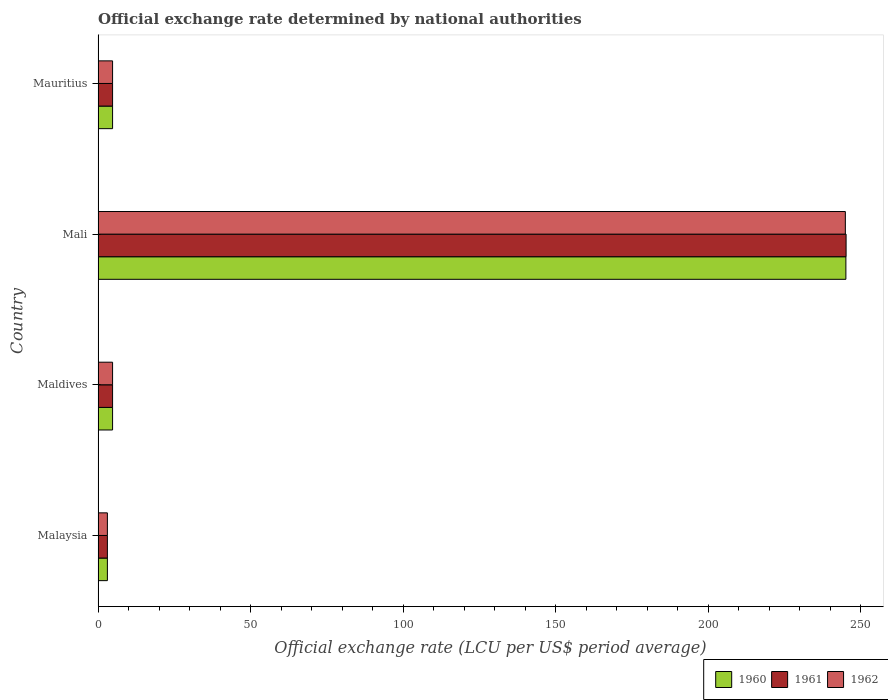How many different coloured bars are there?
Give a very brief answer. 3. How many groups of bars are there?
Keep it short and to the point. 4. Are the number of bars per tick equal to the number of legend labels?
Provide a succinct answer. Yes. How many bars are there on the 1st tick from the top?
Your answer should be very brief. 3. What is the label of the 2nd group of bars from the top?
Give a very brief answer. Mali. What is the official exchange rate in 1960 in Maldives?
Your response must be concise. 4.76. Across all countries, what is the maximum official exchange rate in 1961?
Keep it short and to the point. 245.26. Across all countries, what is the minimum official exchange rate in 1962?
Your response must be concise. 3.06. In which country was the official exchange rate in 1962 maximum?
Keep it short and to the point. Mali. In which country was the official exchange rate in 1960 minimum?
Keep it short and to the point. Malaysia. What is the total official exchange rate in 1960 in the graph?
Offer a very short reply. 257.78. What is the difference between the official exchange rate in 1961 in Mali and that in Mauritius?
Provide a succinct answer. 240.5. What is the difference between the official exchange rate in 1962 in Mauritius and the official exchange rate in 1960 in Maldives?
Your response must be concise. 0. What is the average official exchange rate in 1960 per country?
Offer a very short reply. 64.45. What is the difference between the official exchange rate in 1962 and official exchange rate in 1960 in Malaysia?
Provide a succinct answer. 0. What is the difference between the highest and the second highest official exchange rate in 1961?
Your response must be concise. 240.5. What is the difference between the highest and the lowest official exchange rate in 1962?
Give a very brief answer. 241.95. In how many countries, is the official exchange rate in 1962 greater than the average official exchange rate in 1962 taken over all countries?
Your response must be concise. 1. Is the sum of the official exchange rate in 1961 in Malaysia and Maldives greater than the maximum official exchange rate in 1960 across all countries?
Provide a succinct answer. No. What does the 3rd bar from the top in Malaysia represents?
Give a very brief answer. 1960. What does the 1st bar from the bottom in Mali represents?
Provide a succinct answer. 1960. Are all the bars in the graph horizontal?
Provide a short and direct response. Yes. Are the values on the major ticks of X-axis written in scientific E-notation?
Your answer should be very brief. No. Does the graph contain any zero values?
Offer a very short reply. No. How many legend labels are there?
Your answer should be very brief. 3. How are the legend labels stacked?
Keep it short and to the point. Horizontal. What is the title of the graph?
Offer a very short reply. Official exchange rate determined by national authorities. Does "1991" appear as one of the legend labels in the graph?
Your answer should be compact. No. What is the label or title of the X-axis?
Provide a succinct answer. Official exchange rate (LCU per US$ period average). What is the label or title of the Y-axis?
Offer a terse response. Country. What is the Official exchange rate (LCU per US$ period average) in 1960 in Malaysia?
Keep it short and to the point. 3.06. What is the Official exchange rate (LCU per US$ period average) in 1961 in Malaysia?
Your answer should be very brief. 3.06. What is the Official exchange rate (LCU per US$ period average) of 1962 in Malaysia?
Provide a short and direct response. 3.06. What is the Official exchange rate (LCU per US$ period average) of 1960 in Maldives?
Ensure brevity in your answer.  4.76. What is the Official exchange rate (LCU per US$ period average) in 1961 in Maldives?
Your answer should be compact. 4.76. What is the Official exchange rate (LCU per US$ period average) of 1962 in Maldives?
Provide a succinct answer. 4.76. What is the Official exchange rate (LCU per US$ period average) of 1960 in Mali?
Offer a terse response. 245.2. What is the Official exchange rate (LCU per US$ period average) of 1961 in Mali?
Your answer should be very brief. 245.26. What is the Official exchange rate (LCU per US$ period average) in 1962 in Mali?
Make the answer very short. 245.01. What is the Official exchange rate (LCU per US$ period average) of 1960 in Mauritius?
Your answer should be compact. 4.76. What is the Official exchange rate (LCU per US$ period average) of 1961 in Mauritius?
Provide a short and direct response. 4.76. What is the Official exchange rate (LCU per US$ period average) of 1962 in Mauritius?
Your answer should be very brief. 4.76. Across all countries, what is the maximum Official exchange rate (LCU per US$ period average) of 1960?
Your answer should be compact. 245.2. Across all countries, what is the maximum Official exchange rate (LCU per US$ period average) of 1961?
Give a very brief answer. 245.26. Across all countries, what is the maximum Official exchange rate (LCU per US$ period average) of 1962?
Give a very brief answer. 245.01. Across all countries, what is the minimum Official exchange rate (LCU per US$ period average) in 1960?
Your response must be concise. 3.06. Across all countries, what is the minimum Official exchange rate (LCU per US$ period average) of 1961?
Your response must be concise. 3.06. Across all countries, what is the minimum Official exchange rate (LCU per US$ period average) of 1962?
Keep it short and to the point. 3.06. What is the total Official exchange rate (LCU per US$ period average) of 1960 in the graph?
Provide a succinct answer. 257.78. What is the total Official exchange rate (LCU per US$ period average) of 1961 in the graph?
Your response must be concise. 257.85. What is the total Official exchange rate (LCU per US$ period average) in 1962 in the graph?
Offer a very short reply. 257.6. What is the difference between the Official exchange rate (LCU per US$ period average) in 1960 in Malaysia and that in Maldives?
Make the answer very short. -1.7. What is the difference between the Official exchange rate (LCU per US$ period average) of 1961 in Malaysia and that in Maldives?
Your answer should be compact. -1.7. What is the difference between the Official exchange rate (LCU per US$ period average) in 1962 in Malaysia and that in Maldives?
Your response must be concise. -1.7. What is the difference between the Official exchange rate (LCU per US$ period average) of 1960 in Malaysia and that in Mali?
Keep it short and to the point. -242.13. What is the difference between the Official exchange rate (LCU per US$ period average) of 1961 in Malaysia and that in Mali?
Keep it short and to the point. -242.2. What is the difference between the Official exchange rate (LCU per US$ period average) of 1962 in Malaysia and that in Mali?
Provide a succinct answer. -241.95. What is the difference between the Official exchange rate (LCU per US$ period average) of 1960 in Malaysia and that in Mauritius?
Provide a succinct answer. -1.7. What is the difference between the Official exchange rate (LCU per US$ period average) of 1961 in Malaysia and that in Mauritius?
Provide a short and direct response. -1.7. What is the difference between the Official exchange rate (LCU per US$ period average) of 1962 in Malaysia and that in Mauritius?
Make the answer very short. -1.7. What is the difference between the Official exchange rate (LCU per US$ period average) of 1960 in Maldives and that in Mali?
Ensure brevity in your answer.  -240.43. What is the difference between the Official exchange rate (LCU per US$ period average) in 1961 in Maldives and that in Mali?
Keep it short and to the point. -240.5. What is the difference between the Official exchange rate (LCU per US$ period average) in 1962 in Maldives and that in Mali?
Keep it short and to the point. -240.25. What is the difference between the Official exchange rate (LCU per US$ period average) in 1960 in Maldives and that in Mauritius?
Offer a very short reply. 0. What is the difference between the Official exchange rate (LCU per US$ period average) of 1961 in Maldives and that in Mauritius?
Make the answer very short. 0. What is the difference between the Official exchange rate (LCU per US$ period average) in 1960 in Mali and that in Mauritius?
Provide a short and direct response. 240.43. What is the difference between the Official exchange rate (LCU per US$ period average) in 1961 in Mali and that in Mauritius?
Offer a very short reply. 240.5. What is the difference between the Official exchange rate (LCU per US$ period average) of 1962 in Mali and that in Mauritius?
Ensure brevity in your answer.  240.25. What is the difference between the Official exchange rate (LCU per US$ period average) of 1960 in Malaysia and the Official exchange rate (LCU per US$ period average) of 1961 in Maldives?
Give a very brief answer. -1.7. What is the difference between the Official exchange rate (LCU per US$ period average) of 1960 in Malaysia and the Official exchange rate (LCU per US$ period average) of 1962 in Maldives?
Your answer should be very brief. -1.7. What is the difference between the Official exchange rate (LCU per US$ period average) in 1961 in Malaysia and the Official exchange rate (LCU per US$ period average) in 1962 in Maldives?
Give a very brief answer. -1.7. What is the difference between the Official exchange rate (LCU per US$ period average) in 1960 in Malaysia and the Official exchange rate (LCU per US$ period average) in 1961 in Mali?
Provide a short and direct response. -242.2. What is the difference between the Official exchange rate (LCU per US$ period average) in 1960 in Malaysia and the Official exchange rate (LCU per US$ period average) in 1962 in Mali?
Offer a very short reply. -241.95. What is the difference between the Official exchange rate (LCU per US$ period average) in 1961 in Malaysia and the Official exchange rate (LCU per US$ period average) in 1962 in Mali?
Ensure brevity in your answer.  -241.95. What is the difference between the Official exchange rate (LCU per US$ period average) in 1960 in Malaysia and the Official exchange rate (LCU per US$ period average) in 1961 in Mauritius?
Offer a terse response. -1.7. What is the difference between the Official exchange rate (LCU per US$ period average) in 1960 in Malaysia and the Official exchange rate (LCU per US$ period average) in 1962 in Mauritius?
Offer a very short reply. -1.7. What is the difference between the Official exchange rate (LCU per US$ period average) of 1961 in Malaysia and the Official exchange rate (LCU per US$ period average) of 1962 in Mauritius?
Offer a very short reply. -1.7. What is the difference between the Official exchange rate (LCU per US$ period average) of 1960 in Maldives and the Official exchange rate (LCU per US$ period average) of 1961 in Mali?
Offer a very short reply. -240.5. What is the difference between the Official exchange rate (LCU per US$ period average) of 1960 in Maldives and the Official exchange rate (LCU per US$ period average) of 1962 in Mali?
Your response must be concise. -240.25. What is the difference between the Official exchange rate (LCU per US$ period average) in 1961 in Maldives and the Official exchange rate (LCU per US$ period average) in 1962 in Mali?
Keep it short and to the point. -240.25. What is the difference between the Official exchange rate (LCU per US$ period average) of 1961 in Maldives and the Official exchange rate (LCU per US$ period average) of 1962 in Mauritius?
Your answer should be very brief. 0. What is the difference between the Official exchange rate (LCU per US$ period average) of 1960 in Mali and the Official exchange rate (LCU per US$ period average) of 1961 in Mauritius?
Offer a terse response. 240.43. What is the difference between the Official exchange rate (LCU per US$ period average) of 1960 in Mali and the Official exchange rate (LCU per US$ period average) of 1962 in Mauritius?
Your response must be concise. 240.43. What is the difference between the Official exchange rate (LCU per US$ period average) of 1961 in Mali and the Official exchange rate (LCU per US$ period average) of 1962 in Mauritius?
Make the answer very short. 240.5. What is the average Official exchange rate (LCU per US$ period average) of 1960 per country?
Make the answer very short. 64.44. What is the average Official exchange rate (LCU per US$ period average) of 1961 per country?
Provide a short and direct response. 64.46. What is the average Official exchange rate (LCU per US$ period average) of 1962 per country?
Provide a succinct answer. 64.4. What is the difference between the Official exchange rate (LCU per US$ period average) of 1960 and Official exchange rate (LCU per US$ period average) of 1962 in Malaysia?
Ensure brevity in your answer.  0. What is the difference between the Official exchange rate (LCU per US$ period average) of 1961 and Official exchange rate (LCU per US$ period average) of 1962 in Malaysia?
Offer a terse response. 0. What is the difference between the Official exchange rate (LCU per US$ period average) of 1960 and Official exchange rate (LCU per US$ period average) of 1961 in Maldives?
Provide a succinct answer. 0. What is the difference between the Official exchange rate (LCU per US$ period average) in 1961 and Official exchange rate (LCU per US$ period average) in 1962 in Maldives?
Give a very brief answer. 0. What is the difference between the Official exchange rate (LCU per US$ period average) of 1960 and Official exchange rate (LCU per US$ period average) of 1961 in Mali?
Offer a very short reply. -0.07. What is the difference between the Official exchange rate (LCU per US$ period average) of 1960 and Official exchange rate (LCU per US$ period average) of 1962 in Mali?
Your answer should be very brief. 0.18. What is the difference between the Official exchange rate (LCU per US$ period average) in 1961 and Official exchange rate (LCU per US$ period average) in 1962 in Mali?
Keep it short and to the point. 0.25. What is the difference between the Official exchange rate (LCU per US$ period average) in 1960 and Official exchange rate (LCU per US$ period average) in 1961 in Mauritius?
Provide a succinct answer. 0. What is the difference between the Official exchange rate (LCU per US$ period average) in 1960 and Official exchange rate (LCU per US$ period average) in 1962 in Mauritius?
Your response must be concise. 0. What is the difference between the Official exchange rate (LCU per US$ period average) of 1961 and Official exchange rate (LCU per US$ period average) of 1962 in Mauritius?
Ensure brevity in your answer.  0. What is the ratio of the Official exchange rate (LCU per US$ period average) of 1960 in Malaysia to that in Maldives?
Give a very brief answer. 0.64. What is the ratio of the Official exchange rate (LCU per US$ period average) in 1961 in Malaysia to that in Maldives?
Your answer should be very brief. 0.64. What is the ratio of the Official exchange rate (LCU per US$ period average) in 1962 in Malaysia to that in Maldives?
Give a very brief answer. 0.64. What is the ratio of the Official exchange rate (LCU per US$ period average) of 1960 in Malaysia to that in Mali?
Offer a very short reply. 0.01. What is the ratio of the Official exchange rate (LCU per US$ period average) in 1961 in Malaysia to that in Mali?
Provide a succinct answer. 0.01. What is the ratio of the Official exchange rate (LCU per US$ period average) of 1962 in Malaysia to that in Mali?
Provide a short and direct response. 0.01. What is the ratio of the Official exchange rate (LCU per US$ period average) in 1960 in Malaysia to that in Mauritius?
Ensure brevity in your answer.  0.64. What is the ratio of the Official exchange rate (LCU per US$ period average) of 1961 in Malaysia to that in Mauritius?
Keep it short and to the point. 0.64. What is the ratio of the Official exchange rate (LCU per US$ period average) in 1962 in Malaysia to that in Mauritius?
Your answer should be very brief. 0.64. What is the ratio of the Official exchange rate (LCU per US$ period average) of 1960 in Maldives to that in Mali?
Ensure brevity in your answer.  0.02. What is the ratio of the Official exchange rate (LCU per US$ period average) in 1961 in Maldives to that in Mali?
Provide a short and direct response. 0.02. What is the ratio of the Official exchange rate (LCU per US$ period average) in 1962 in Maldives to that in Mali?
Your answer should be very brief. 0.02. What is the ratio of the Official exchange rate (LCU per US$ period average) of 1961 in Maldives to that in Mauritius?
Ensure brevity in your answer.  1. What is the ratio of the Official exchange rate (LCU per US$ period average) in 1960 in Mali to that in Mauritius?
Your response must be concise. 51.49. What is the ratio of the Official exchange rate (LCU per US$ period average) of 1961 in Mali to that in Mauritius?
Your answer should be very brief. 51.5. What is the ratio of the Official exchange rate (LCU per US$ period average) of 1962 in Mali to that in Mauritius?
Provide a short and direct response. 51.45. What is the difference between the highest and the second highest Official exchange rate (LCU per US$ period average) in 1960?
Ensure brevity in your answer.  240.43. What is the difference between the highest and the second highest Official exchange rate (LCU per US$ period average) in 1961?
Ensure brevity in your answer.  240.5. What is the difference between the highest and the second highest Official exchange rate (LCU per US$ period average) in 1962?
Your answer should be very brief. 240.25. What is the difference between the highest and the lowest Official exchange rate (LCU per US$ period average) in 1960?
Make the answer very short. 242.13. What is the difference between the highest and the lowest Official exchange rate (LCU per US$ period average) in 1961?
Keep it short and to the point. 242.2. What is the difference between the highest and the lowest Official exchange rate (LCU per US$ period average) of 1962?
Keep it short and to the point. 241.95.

☆ ☆ ☆ ☆

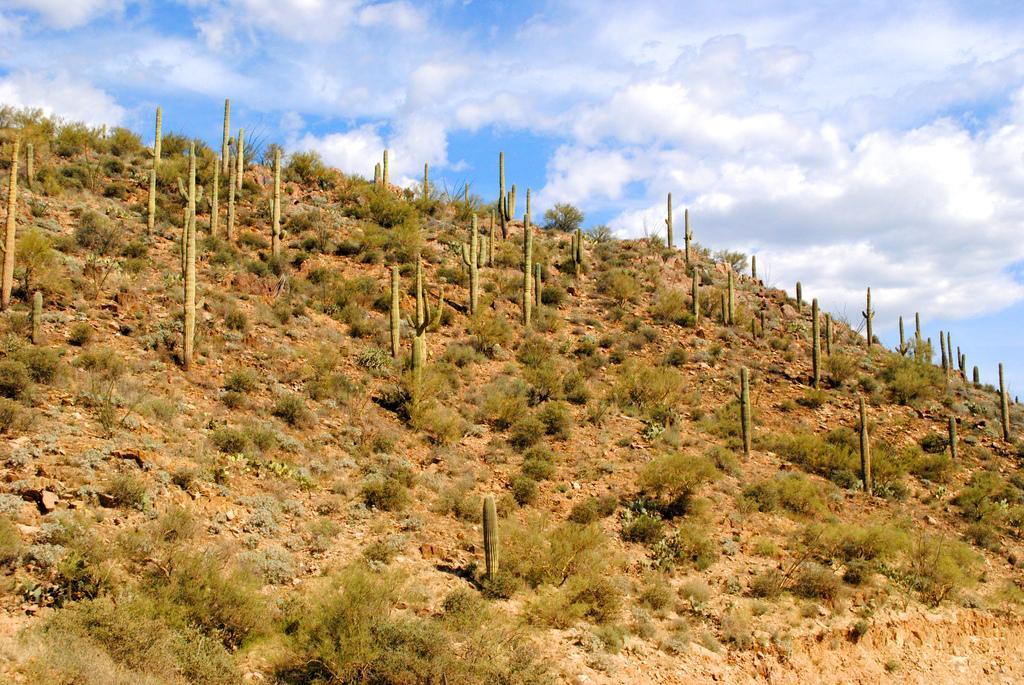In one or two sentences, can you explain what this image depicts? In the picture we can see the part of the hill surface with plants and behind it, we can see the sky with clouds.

☆ ☆ ☆ ☆

▸ **Exercise prompt**: The response must hold only the lines above from the line with "Keep it short and to the point. -242.13." through the line with "Keep it short and to the point. -242.2.", each copied exactly, both ends kept.

▸ **Reply to the task**:
Keep it short and to the point. -242.13. What is the difference between the Official exchange rate (LCU per US$ period average) of 1961 in Malaysia and that in Mali?
Keep it short and to the point. -242.2. What is the difference between the Official exchange rate (LCU per US$ period average) of 1962 in Malaysia and that in Mali?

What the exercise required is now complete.